*** EXTRACTED DATA Section Begins ***

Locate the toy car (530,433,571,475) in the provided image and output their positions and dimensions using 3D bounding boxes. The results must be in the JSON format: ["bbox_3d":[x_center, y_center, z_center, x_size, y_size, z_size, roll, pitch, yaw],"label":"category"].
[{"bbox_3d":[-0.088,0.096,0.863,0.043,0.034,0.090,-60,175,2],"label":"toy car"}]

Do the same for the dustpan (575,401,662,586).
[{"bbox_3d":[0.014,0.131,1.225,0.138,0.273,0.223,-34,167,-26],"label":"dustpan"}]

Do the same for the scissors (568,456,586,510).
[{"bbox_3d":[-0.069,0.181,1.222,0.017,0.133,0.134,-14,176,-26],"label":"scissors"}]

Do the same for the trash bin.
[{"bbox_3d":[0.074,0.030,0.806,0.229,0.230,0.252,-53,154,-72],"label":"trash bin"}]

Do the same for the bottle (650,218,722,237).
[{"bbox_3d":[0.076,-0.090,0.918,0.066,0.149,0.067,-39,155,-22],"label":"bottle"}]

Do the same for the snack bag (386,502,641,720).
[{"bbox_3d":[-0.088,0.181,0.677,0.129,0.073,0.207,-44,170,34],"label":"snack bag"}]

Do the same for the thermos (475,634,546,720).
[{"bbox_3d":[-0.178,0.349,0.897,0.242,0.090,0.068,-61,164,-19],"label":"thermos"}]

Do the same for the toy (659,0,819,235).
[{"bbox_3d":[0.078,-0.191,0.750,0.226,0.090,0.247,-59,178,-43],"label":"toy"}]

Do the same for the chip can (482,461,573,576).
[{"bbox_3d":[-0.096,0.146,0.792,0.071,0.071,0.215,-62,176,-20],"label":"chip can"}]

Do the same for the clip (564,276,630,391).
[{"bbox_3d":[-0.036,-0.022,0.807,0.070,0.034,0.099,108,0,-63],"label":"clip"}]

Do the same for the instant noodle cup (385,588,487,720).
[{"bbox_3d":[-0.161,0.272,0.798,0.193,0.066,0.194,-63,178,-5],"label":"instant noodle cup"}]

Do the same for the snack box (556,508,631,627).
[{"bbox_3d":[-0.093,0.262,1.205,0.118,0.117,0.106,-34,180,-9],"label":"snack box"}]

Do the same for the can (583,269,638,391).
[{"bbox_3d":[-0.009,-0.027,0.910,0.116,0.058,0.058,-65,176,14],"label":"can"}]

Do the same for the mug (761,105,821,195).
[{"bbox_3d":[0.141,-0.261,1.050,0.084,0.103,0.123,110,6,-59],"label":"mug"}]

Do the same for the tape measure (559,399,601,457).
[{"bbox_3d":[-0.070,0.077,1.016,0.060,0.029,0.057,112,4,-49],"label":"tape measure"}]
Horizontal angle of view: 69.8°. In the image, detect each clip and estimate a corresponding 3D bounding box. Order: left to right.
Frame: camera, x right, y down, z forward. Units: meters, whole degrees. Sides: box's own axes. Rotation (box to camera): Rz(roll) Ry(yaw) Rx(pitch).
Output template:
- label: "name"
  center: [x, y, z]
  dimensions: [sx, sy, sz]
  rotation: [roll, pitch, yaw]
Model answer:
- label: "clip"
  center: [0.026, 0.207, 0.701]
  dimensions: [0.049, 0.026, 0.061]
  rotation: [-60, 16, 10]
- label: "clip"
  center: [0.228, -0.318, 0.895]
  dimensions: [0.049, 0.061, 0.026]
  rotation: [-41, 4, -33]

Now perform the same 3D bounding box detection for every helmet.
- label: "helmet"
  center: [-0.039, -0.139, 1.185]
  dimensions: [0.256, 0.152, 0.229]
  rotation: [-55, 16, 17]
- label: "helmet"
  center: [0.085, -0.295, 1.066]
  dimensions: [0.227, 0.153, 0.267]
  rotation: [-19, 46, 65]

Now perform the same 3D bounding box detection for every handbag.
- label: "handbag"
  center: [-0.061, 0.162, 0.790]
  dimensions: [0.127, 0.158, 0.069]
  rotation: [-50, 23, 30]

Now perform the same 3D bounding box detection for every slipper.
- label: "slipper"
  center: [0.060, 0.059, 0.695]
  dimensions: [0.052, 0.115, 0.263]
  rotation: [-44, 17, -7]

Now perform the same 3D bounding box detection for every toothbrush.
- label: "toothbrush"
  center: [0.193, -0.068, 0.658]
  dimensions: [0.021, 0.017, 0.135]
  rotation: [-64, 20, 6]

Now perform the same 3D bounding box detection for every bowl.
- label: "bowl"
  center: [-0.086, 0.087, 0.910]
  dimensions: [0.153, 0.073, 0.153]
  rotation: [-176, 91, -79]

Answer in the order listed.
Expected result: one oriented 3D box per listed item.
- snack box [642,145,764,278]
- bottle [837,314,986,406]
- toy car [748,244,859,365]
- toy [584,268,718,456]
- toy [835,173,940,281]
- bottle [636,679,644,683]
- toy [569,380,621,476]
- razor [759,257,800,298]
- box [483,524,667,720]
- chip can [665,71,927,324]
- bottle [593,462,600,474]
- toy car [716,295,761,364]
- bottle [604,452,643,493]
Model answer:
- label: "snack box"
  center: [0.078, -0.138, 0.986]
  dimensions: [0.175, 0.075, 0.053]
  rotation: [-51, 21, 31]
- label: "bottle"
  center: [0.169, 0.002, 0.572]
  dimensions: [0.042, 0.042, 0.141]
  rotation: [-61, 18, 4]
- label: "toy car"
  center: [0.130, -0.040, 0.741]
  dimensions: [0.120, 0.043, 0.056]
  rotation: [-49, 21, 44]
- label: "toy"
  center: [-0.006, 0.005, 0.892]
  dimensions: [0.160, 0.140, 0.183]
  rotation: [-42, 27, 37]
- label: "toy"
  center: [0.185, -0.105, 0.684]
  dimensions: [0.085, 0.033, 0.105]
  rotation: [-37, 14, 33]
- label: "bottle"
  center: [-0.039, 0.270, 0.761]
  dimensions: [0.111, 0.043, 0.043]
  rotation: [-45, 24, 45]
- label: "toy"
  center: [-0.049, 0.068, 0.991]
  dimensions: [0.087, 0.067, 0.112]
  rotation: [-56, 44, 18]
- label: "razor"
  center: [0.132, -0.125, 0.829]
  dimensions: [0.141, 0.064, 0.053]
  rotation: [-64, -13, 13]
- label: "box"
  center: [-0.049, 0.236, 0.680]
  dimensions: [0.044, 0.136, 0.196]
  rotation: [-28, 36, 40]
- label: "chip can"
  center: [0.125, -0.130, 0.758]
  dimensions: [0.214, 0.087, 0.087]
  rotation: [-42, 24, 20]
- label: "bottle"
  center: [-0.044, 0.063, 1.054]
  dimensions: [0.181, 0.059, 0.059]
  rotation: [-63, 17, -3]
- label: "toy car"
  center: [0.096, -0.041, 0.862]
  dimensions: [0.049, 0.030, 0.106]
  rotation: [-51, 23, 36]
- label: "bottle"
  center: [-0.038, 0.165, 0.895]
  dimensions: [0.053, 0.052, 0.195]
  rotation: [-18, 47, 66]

*** EXTRACTED DATA Section Ends ***

§ REQUIRED ACTION
With "listed" as the search string, filter the records and return each line that has it.

§ SOLUTION FOR THIS PROBLEM
Answer in the order listed.
Expected result: one oriented 3D box per listed item.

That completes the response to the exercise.